Austrian film producer (1885-1951)

Arnold Pressburger (27 August 1885 - 17 February 1951) was an Austrian Jewish film producer who produced more than 70 films between 1913 and 1951. Pressburger was born in Pressburg, Austria-Hungary (now Bratislava, Slovakia) and died in Hamburg, Germany from a stroke.

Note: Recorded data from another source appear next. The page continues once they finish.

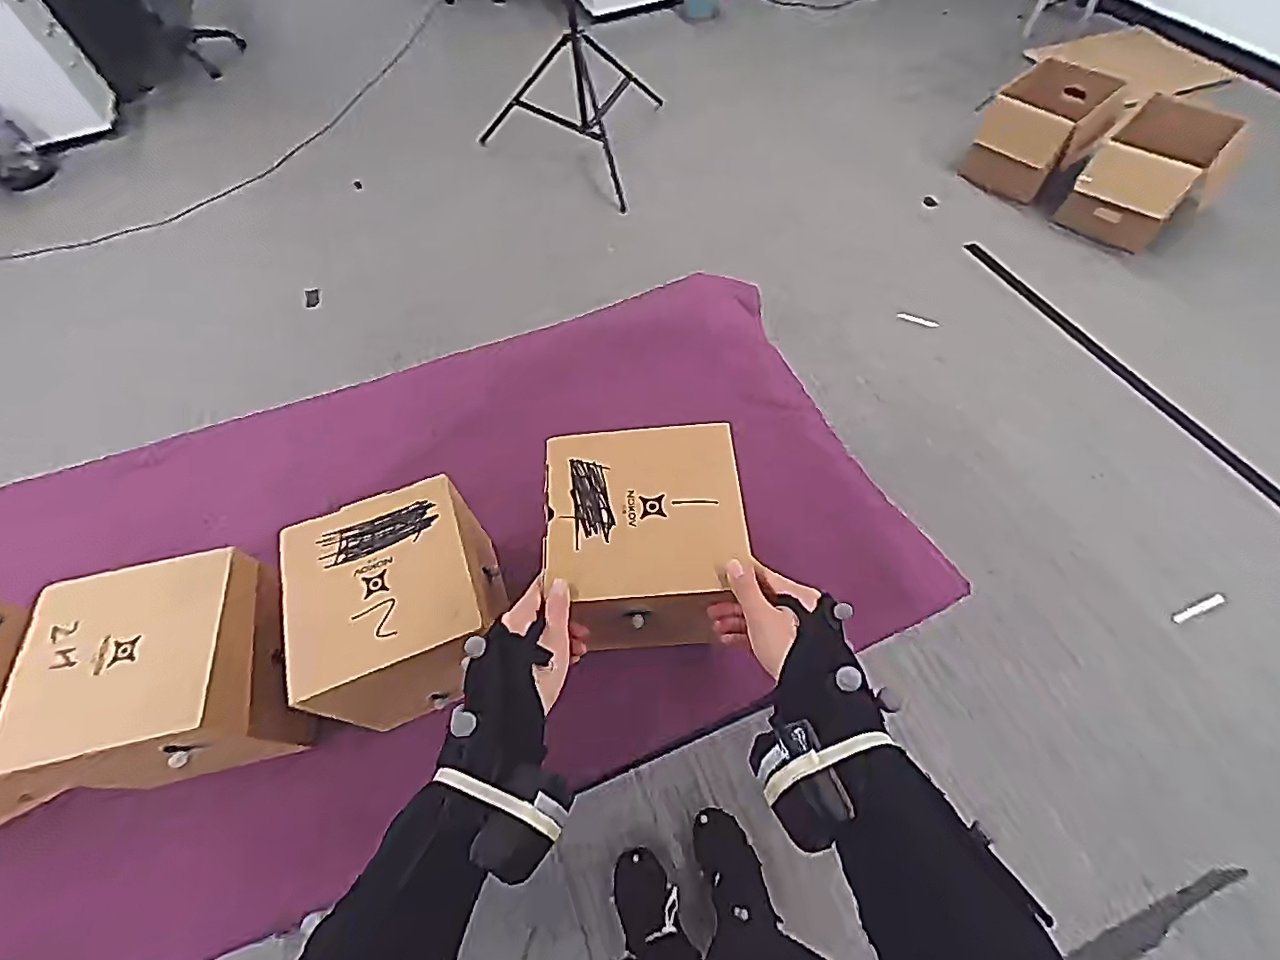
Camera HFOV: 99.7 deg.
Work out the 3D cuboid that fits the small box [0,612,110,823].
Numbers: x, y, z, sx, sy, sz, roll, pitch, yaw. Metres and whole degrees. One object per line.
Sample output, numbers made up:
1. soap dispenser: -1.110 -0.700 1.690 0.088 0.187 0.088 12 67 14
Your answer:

In 1932, he set up the production company Cine-Allianz with Gregor Rabinovitch. The company enjoyed commercial success, but was subsequently expropriated from them by the Nazi government of Germany as part of the anti-Jewish policy. He was not related to the Hungarian British filmmaker Emeric Pressburger.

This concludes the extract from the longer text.